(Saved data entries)
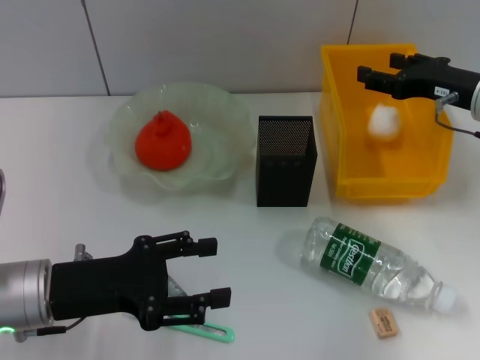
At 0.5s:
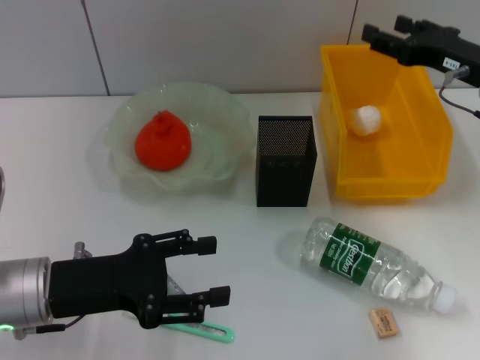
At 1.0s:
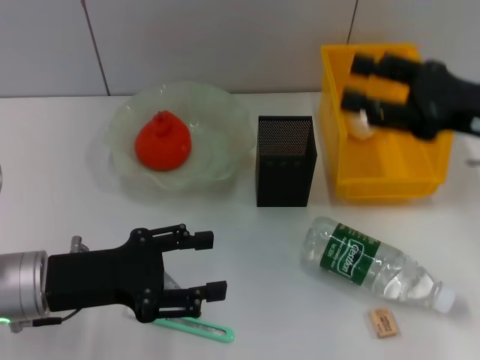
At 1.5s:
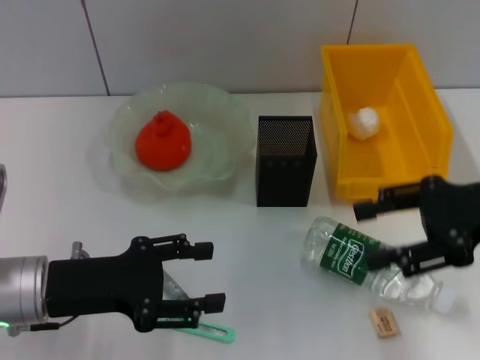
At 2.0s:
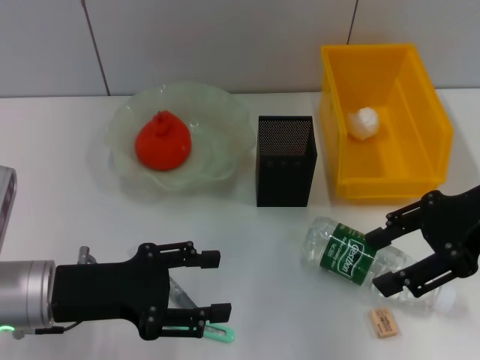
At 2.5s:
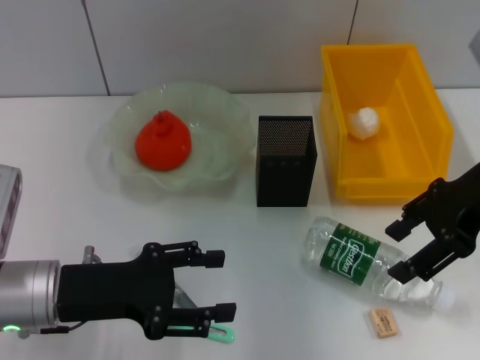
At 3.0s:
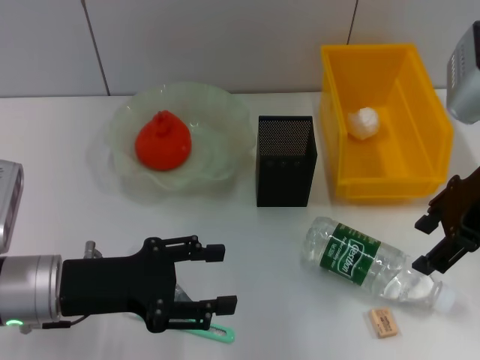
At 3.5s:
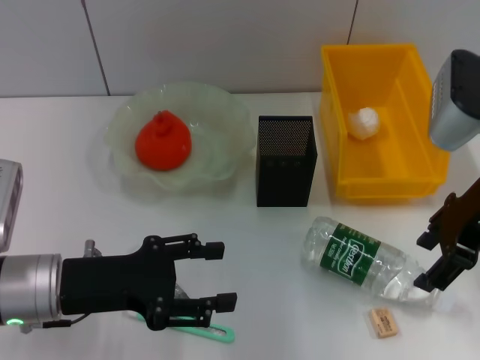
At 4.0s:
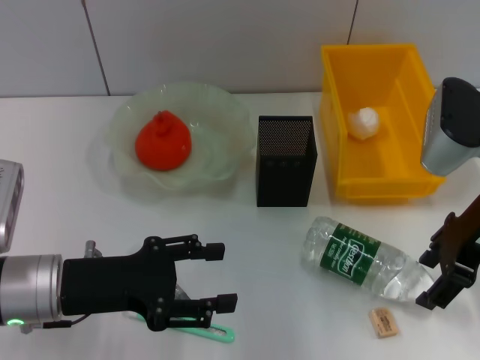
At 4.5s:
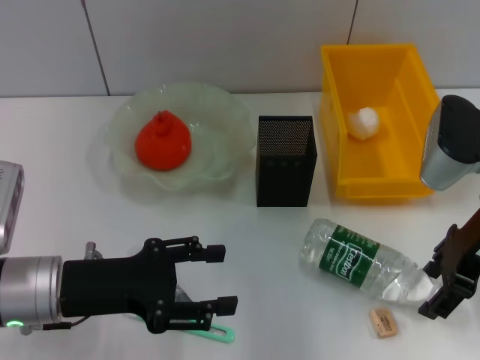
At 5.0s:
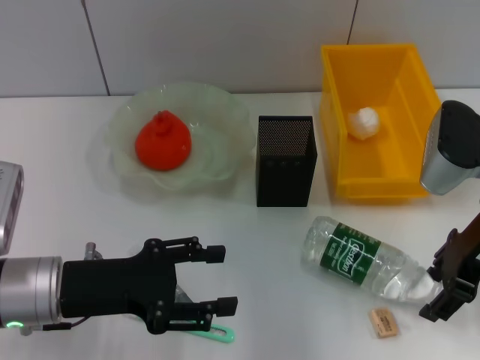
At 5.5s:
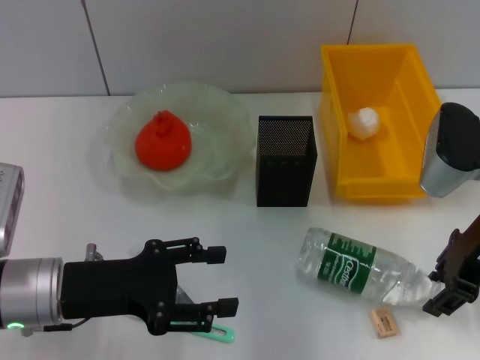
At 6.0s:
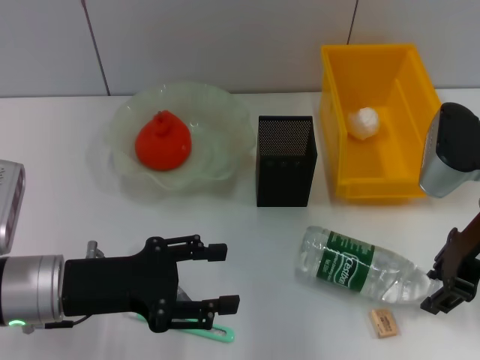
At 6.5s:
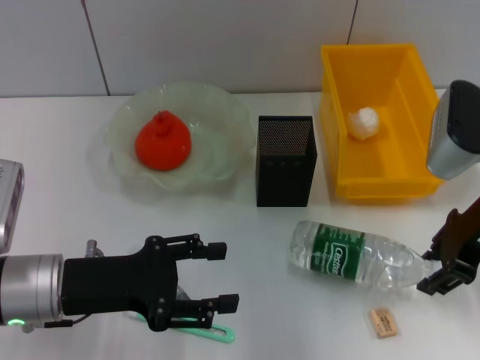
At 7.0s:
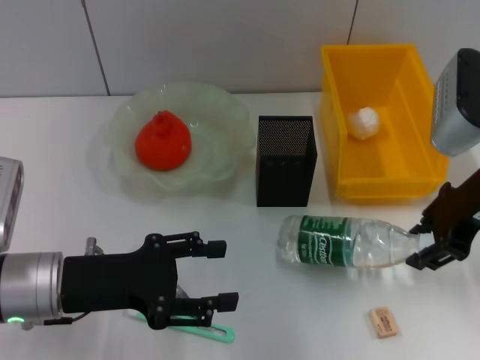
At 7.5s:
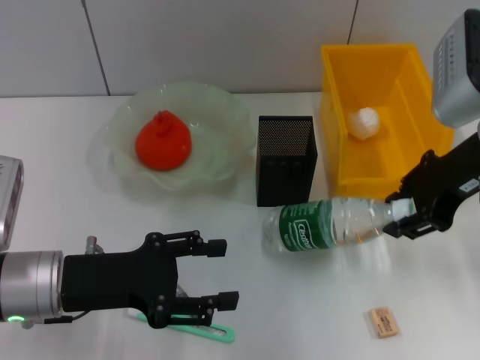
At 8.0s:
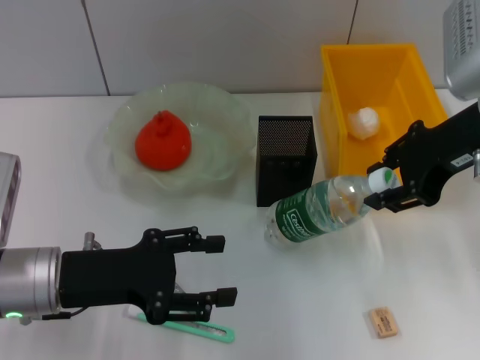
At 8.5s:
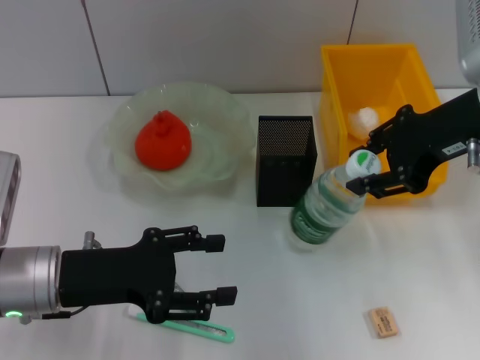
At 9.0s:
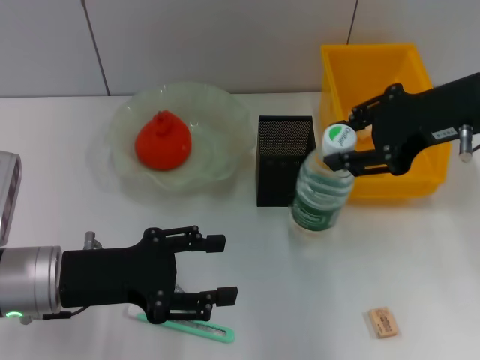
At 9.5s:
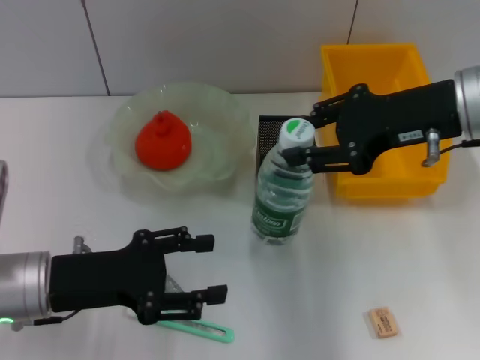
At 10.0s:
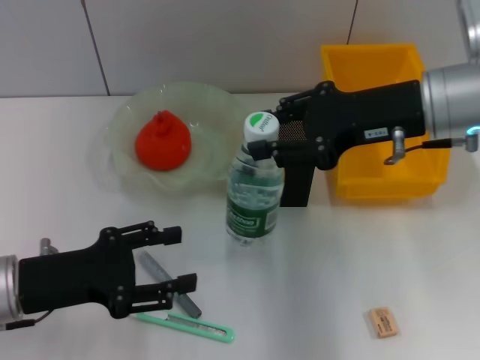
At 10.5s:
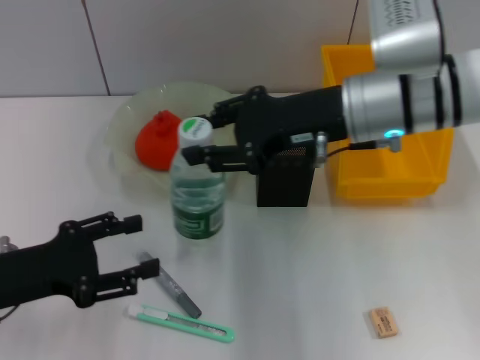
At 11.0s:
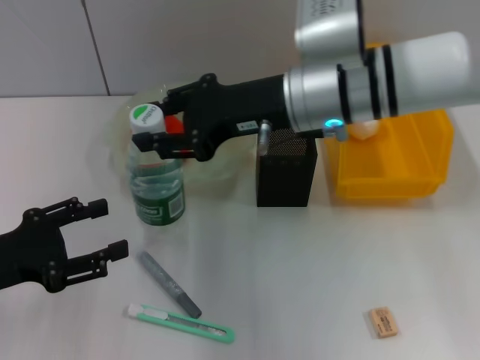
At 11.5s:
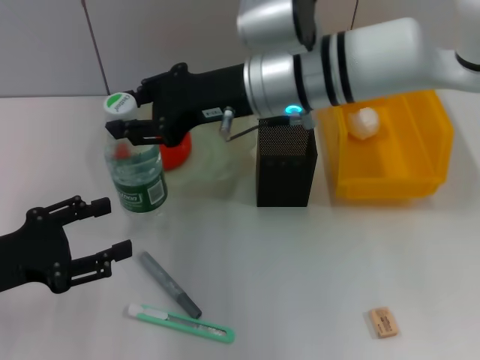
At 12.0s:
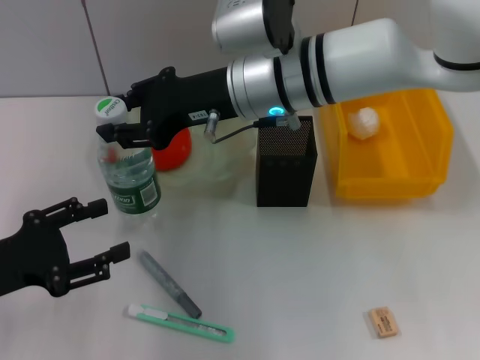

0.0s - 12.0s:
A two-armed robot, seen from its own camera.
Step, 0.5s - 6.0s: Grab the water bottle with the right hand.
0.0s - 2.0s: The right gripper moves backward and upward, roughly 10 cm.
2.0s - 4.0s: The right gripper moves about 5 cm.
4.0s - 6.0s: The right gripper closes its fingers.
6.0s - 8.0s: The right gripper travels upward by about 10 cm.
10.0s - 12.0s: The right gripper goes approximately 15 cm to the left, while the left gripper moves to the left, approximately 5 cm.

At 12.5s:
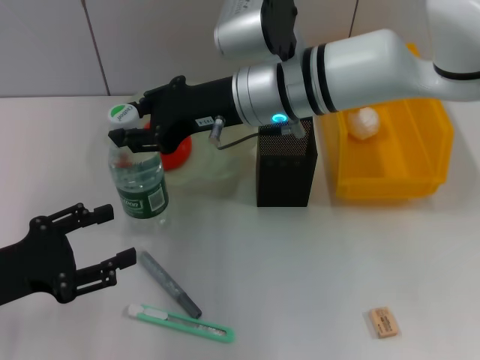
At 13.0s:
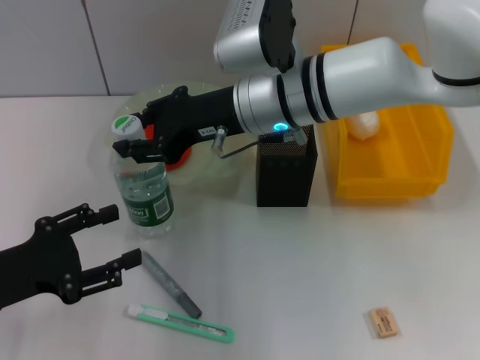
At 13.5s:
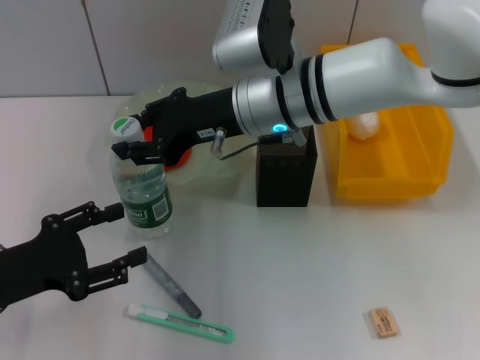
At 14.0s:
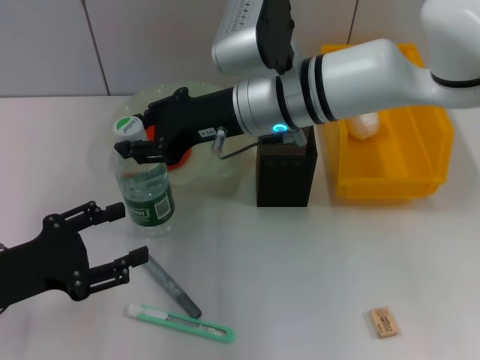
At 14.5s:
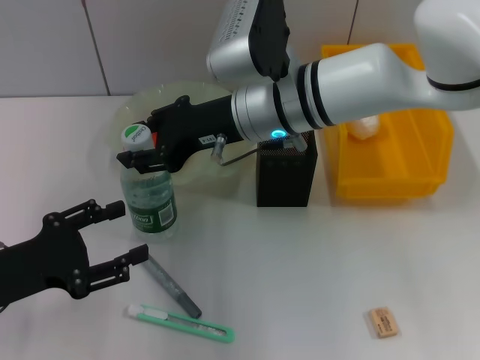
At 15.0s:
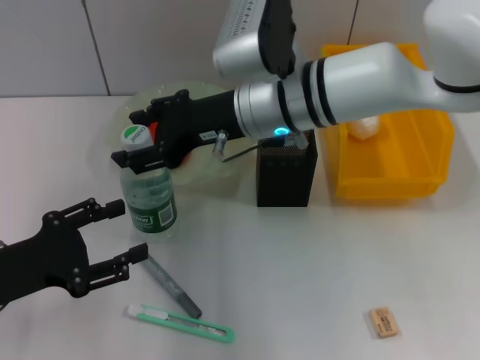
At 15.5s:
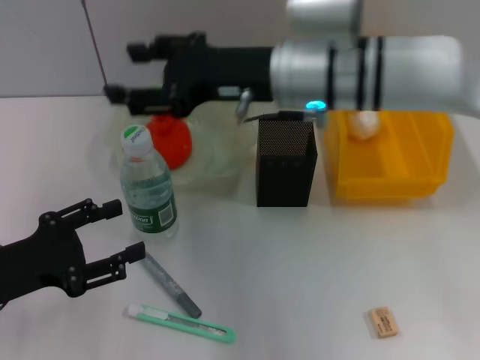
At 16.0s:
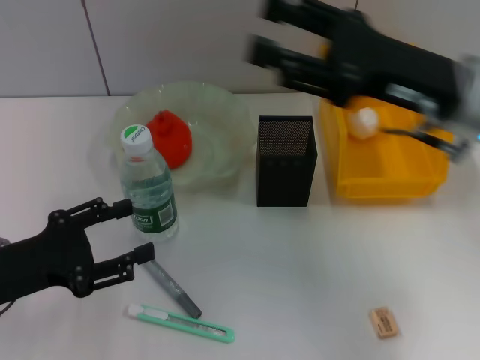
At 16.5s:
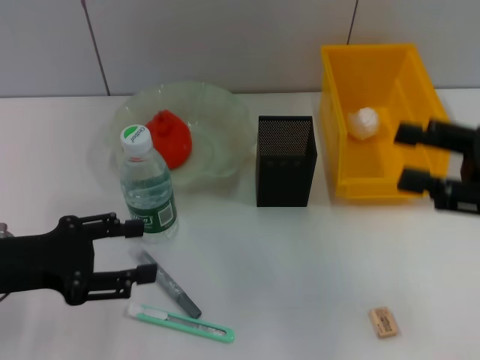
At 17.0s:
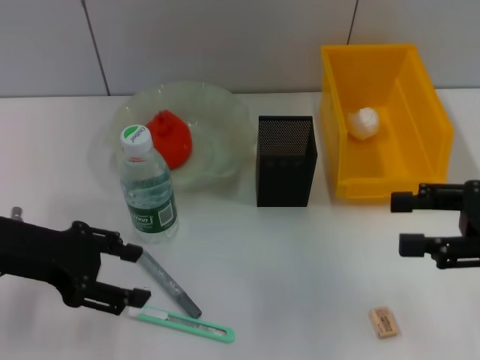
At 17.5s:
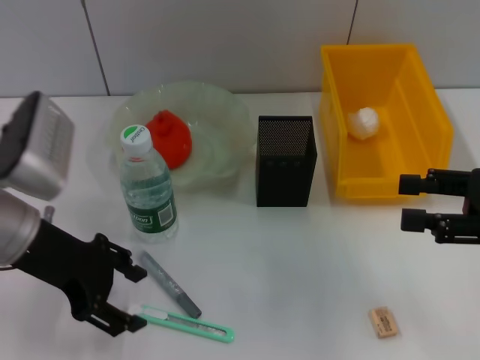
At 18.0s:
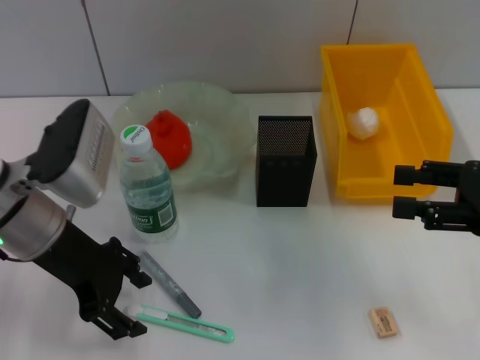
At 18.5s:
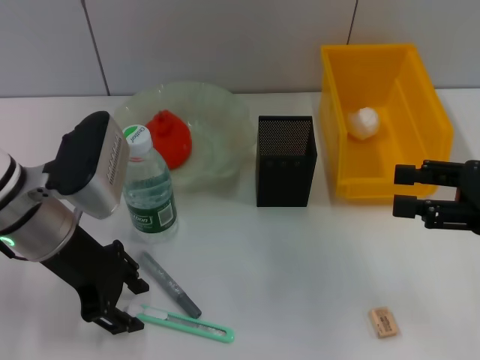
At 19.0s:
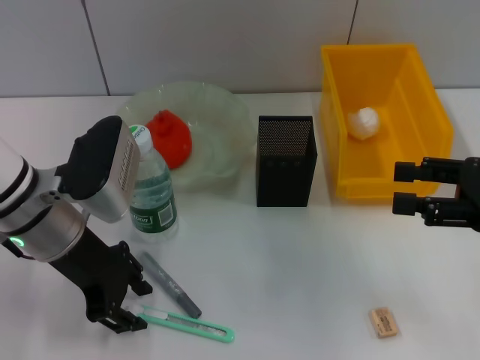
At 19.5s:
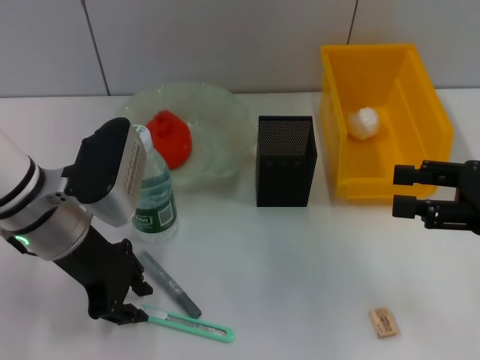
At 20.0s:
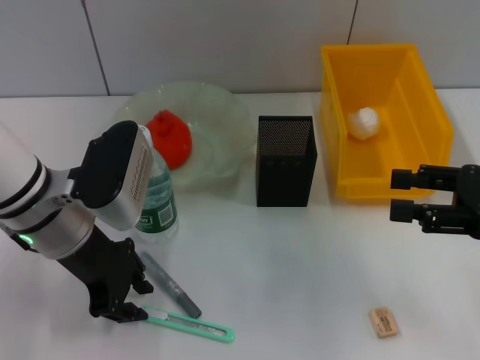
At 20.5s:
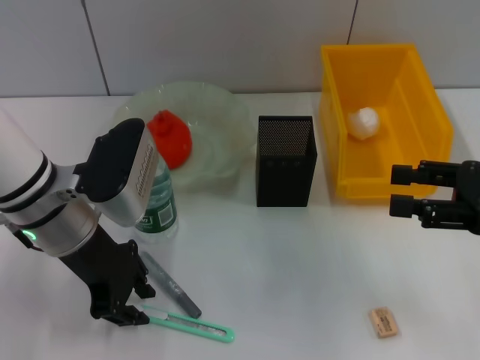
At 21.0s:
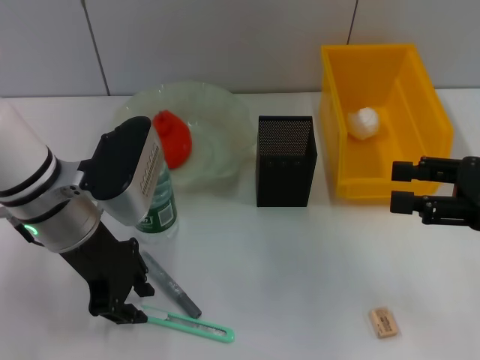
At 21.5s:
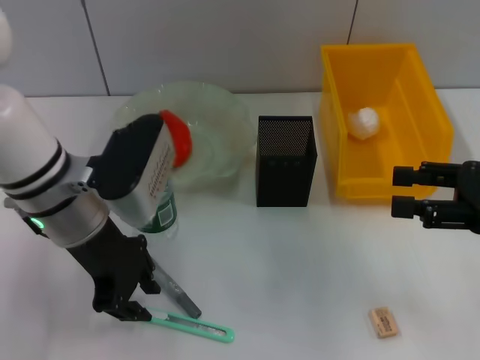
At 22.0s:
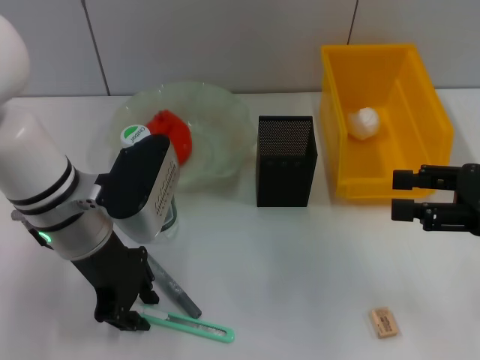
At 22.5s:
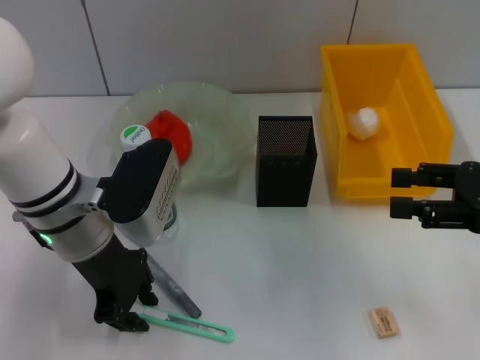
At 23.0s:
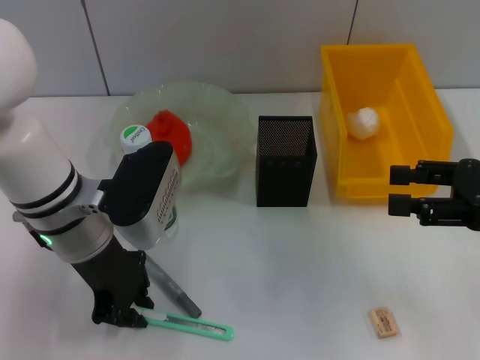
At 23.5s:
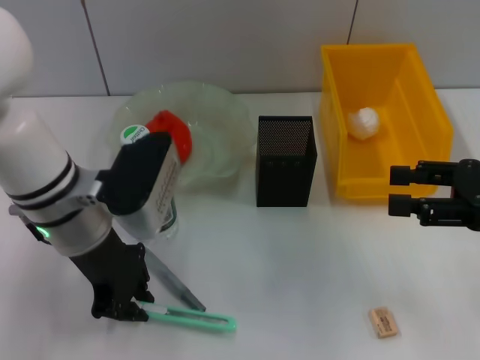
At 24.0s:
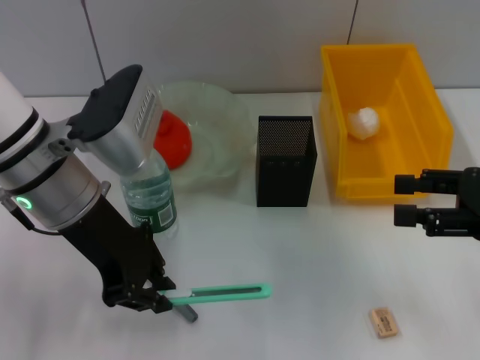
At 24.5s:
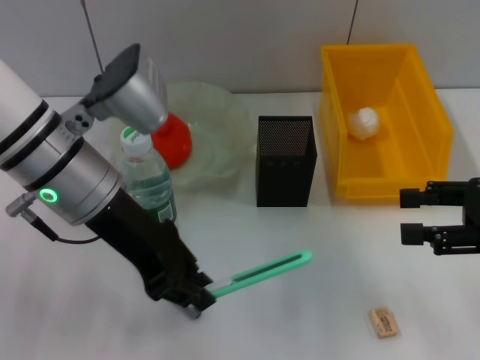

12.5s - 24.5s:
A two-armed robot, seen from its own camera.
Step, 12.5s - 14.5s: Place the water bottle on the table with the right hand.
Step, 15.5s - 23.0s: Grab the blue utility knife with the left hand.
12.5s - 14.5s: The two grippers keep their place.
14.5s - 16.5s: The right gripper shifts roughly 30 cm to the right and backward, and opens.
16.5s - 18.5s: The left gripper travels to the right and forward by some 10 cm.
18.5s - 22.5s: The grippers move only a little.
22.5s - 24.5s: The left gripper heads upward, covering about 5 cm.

Task details:
Write out each entry again exactly, and skip the pictures.

Solution to the exercise:
At 0.5s:
At 1.0s:
At 1.5s:
At 2.0s:
At 2.5s:
At 3.0s:
At 3.5s:
At 4.0s:
At 4.5s:
At 5.0s:
At 5.5s:
At 6.0s:
At 6.5s:
At 7.0s:
At 7.5s:
At 8.0s:
At 8.5s:
At 9.0s:
At 9.5s:
At 10.0s:
At 10.5s:
At 11.0s:
At 11.5s:
At 12.0s:

0.0s - 12.0s:
A two-armed robot, seen from its own camera.
Step, 0.5s - 6.0s: Grab the water bottle with the right hand.
0.0s - 2.0s: The right gripper moves backward and upward, roughly 10 cm.
2.0s - 4.0s: The right gripper moves about 5 cm.
4.0s - 6.0s: The right gripper closes its fingers.
6.0s - 8.0s: The right gripper travels upward by about 10 cm.
10.0s - 12.0s: The right gripper goes approximately 15 cm to the left, while the left gripper moves to the left, approximately 5 cm.

At 12.5s:
At 13.0s:
At 13.5s:
At 14.0s:
At 14.5s:
At 15.0s:
At 15.5s:
At 16.0s:
At 16.5s:
At 17.0s:
At 17.5s:
At 18.0s:
At 18.5s:
At 19.0s:
At 19.5s:
At 20.0s:
At 20.5s:
At 21.0s:
At 21.5s:
At 22.0s:
At 22.5s:
At 23.0s:
At 23.5s:
At 24.0s:
At 24.5s:

12.5s - 24.5s:
A two-armed robot, seen from its own camera.
Step, 12.5s - 14.5s: Place the water bottle on the table with the right hand.
Step, 15.5s - 23.0s: Grab the blue utility knife with the left hand.
12.5s - 14.5s: The two grippers keep their place.
14.5s - 16.5s: The right gripper shifts roughly 30 cm to the right and backward, and opens.
16.5s - 18.5s: The left gripper travels to the right and forward by some 10 cm.
18.5s - 22.5s: The grippers move only a little.
22.5s - 24.5s: The left gripper heads upward, covering about 5 cm.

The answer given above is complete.